What is expected =
From the material below, copy each line that holds the word "cuboid".

Segment Open

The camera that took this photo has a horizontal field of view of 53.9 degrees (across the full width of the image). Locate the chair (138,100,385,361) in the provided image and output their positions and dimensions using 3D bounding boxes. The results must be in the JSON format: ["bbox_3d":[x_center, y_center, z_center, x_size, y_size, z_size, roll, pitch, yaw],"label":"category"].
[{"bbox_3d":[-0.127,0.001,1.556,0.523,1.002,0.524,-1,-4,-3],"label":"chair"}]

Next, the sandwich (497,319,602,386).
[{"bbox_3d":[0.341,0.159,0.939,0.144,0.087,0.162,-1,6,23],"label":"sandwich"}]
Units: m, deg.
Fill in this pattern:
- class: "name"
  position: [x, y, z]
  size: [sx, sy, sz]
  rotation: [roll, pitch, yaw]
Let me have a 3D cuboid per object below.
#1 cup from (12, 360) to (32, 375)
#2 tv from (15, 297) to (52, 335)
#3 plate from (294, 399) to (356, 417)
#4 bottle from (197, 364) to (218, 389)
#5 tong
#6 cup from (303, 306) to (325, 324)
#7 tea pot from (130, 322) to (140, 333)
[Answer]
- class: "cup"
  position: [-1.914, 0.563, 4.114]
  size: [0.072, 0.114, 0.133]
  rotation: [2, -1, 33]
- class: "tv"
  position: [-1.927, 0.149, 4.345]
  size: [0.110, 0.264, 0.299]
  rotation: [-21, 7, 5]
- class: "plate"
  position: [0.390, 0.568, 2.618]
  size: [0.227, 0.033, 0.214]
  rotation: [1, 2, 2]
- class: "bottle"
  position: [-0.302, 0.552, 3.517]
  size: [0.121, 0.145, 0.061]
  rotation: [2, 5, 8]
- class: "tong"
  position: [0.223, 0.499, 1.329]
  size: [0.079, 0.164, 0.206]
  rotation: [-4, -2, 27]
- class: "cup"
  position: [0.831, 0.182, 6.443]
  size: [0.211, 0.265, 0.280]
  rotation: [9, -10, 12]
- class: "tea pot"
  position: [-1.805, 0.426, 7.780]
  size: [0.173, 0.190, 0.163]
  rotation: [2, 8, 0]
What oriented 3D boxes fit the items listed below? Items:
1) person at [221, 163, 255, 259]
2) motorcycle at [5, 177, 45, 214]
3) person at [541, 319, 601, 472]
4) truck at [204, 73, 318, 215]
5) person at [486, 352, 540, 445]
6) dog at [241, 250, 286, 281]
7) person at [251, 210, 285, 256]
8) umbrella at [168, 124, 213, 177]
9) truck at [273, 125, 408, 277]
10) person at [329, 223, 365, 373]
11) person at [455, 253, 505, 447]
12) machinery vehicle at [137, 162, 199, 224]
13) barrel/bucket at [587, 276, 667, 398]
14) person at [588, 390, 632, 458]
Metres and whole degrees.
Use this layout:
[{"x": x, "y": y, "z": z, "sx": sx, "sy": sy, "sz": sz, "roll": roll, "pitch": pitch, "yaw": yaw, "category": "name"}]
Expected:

Segment Closed
Segment Open

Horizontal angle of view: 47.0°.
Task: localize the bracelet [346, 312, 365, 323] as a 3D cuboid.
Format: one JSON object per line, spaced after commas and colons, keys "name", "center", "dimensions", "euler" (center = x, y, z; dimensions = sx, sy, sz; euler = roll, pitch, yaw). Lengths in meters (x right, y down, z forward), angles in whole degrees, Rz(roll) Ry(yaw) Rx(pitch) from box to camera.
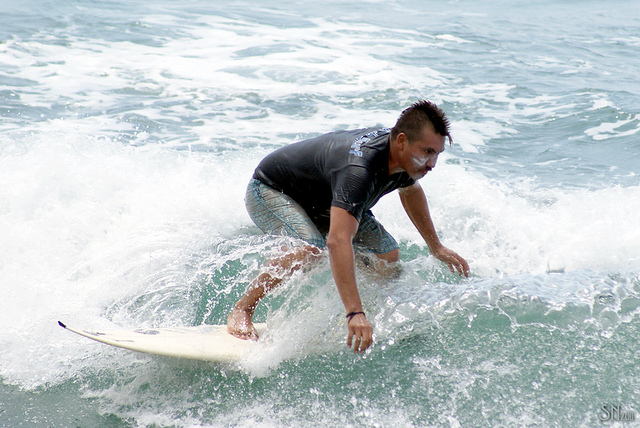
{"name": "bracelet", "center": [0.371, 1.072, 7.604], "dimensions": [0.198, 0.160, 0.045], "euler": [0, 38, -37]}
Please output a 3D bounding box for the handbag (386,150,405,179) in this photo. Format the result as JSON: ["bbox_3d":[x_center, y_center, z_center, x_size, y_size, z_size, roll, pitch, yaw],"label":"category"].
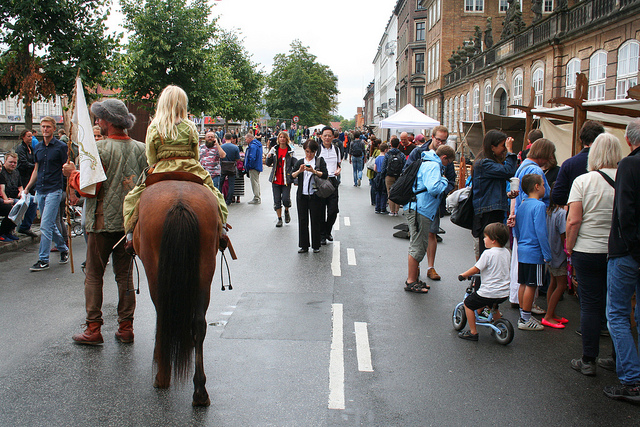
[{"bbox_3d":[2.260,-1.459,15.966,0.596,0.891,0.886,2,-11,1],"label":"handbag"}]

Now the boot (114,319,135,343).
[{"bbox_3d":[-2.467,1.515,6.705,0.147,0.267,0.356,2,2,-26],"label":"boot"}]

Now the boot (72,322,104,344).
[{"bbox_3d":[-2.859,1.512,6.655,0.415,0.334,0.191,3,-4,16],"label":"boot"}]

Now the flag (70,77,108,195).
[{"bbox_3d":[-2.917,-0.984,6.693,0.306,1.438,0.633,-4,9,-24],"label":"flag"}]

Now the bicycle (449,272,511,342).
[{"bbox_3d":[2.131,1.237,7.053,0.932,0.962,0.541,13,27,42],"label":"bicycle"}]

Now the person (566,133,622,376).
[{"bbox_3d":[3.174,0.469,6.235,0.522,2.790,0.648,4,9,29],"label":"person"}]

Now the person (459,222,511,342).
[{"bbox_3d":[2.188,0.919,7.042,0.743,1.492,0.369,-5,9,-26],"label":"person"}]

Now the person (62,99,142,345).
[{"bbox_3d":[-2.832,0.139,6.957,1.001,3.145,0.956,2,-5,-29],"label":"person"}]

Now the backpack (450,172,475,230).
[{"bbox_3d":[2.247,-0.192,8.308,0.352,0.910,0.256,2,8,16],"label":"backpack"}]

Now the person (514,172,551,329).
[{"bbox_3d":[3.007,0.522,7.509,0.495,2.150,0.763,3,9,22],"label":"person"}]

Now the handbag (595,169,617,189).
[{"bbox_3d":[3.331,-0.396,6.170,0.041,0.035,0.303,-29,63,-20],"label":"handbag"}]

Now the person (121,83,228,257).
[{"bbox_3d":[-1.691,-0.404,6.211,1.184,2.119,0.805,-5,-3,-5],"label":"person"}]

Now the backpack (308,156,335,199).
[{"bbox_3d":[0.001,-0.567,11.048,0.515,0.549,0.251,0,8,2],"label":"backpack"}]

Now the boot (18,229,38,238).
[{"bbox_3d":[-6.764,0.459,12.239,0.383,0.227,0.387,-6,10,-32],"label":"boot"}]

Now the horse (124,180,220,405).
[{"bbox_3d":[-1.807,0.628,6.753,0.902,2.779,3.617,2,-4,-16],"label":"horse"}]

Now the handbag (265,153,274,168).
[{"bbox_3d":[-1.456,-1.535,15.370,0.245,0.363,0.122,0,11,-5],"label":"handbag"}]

Segment Closed

Completed task =
Let me have a 3D cuboid per object below.
Task: localize the bracelet [346, 312, 365, 323] as a 3D cuboid.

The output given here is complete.